Work instruction: The answer must consist solely of the lines from the opening line of the entries through the line with "#14 car <box>929,850,1039,900</box>", transcribed exactly and without any pictures.

Task inputs:
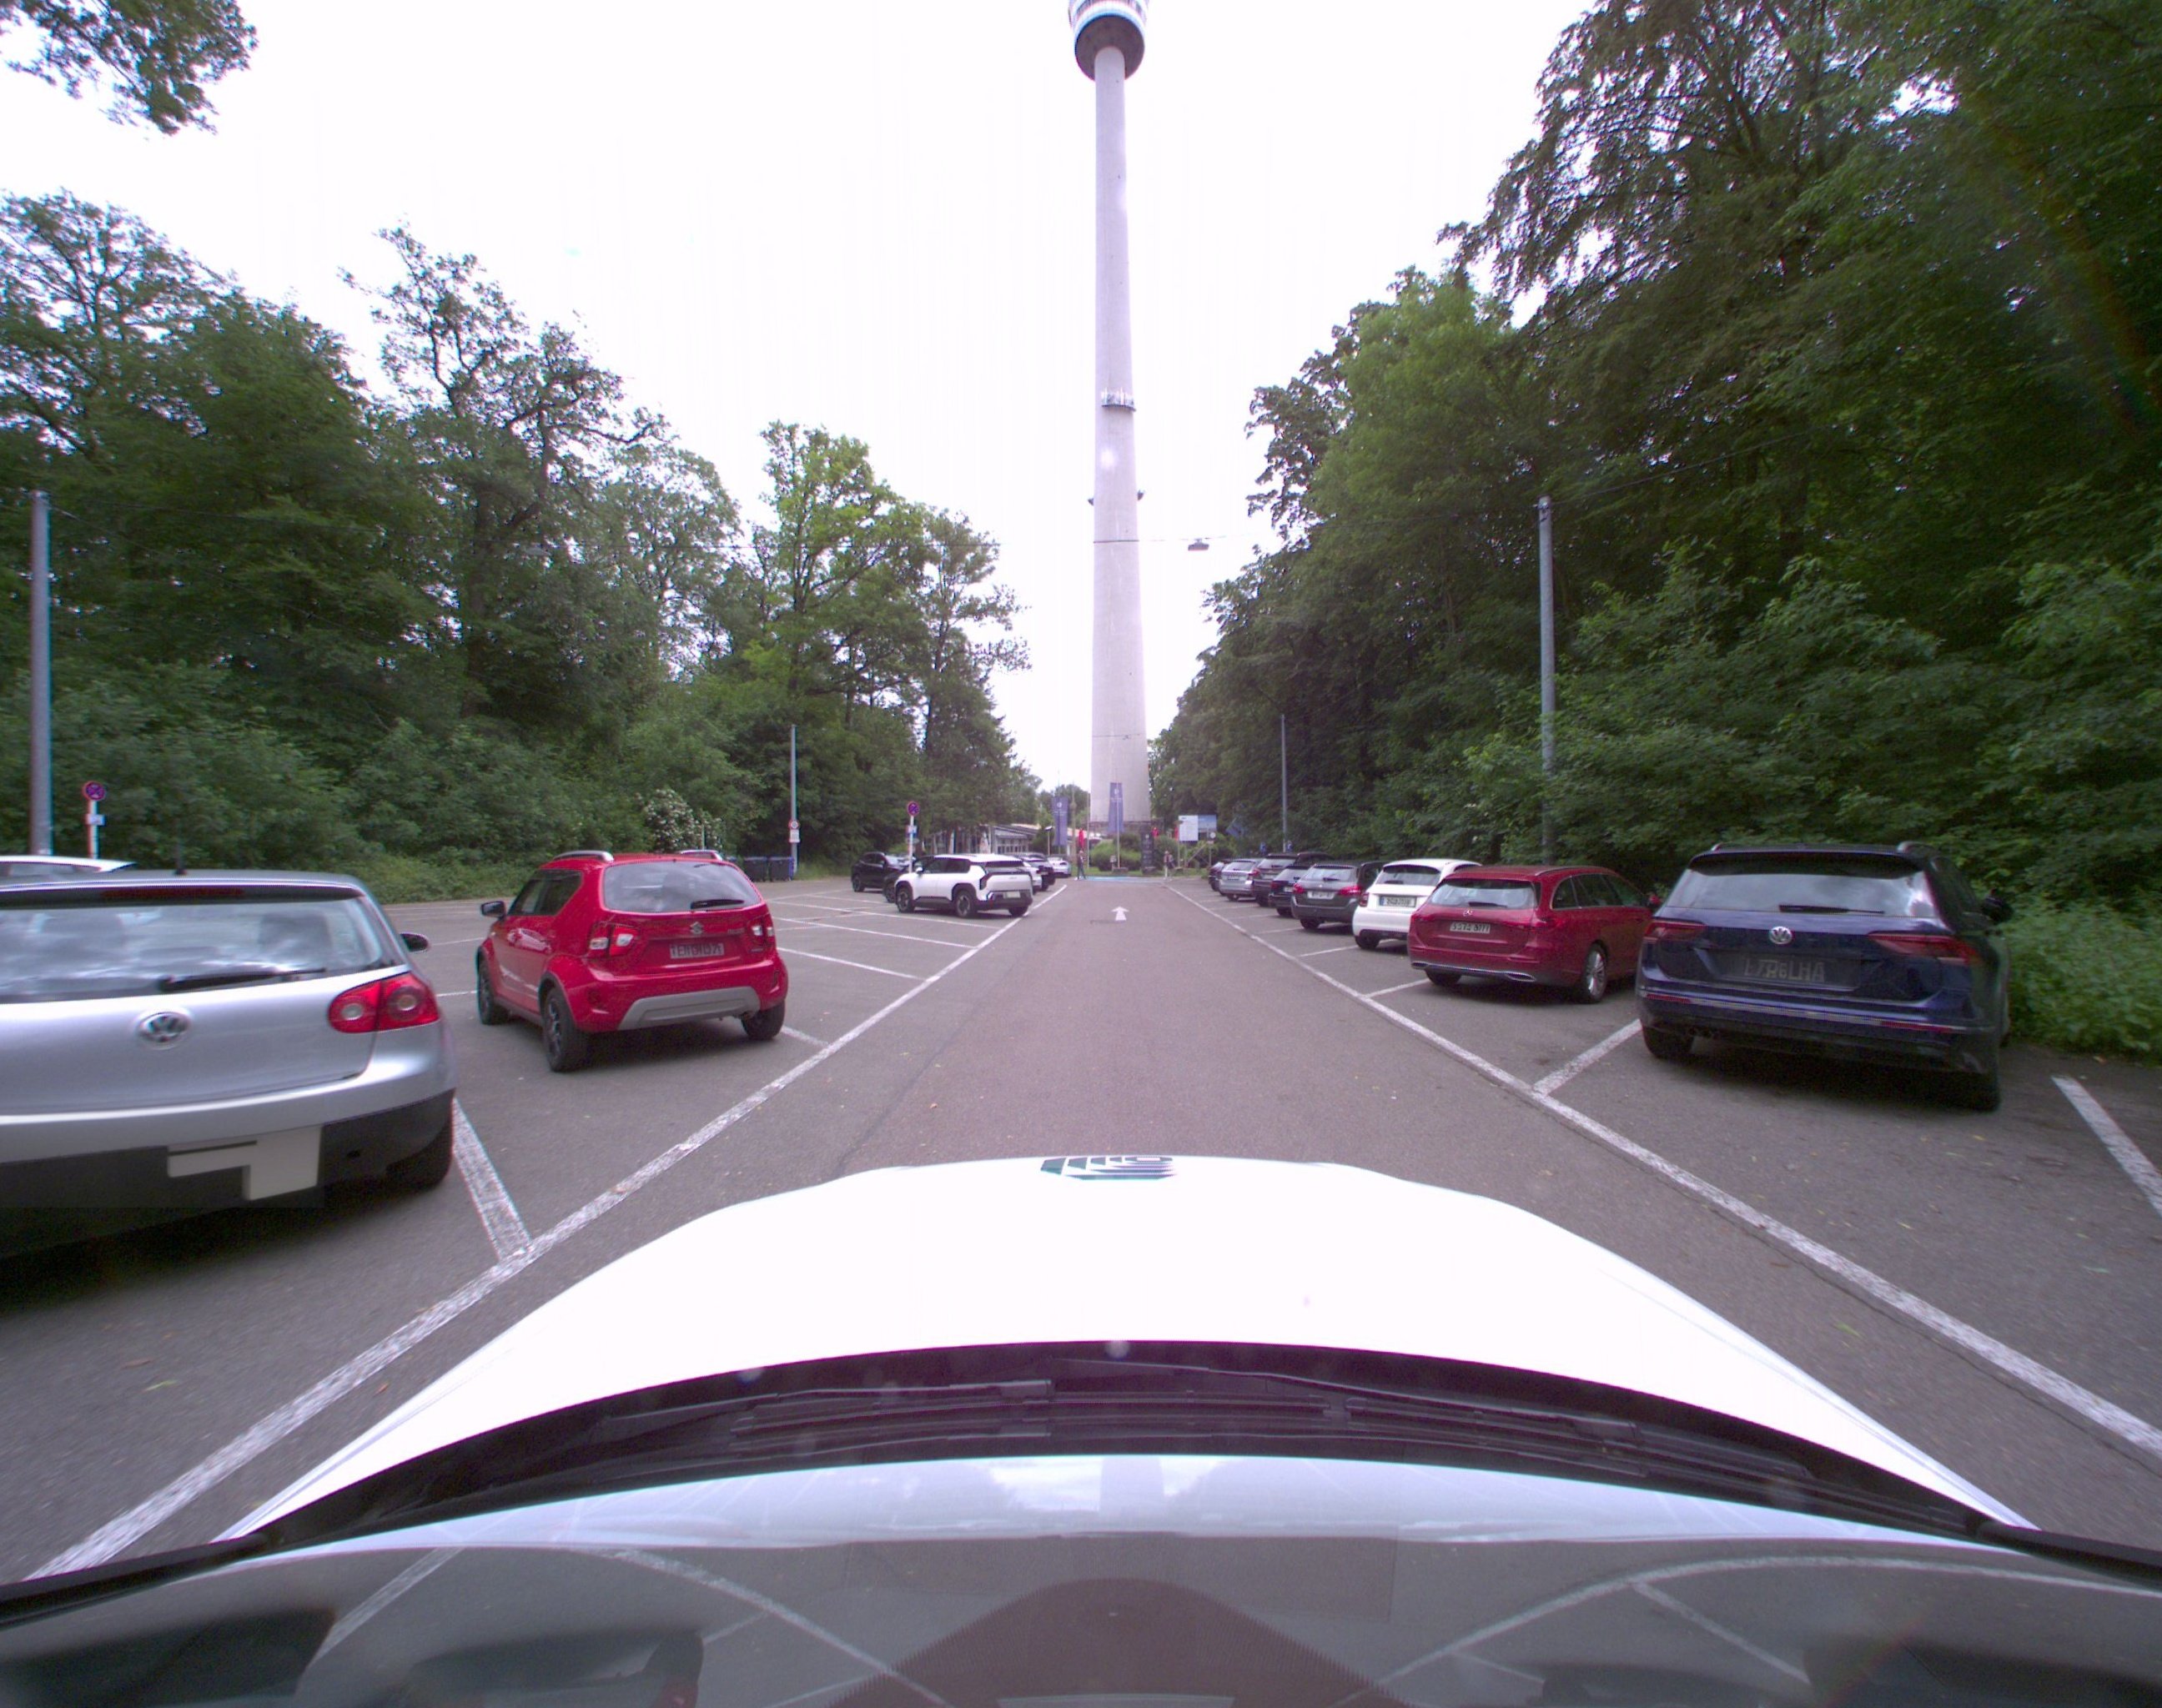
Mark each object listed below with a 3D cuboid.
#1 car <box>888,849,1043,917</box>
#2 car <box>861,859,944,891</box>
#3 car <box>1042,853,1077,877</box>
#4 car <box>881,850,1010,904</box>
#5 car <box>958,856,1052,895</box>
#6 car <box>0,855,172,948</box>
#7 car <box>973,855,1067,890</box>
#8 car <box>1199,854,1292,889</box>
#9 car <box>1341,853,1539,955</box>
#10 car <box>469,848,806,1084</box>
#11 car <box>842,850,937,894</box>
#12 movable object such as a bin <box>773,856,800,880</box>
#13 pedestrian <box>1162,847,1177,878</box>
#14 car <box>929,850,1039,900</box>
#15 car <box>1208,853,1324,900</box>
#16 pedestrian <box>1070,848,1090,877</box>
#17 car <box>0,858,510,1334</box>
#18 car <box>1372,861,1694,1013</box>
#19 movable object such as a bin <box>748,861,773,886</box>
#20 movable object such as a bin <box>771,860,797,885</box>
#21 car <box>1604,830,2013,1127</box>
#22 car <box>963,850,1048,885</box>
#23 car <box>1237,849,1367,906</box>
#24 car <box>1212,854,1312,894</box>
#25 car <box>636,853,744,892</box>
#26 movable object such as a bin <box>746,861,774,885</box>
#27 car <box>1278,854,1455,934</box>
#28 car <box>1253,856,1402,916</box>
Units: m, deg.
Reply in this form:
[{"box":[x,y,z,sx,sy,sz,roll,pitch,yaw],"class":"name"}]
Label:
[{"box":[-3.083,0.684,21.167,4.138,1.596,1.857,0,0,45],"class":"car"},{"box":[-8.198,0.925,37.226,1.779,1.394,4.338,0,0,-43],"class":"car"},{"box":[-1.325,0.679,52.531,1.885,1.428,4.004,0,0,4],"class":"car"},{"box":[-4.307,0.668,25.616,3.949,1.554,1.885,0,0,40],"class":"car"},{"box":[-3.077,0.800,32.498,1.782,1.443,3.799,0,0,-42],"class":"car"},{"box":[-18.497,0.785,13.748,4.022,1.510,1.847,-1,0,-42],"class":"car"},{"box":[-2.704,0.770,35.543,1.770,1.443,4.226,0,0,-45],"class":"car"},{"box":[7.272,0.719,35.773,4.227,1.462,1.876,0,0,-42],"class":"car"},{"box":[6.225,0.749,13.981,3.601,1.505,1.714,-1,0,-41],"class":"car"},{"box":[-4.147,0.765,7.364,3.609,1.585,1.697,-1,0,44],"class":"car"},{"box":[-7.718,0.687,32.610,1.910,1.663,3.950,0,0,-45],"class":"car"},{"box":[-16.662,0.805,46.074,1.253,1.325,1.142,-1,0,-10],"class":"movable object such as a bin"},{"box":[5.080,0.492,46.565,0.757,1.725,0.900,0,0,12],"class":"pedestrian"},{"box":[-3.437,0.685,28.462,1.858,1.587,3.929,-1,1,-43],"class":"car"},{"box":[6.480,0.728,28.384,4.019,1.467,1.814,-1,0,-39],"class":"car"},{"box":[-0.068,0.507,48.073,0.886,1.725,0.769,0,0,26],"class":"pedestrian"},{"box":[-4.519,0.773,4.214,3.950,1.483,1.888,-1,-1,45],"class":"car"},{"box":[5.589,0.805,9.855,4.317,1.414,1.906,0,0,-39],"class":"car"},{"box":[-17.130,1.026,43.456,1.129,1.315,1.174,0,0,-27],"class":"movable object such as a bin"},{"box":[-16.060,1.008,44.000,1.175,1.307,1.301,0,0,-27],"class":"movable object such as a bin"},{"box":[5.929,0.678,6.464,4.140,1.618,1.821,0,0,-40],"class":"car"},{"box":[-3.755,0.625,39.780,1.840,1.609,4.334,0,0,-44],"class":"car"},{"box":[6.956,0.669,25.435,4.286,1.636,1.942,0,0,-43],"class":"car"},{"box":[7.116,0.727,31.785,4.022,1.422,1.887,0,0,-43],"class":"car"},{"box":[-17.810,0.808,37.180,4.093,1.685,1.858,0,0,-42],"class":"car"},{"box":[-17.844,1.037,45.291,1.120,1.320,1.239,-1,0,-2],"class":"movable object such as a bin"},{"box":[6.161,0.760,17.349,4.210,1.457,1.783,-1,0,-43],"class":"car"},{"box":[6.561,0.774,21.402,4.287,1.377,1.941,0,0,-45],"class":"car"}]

Result for this exercise:
Mark each object listed below with a 3D cuboid.
#1 car <box>888,849,1043,917</box>
#2 car <box>861,859,944,891</box>
#3 car <box>1042,853,1077,877</box>
#4 car <box>881,850,1010,904</box>
#5 car <box>958,856,1052,895</box>
#6 car <box>0,855,172,948</box>
#7 car <box>973,855,1067,890</box>
#8 car <box>1199,854,1292,889</box>
#9 car <box>1341,853,1539,955</box>
#10 car <box>469,848,806,1084</box>
#11 car <box>842,850,937,894</box>
#12 movable object such as a bin <box>773,856,800,880</box>
#13 pedestrian <box>1162,847,1177,878</box>
#14 car <box>929,850,1039,900</box>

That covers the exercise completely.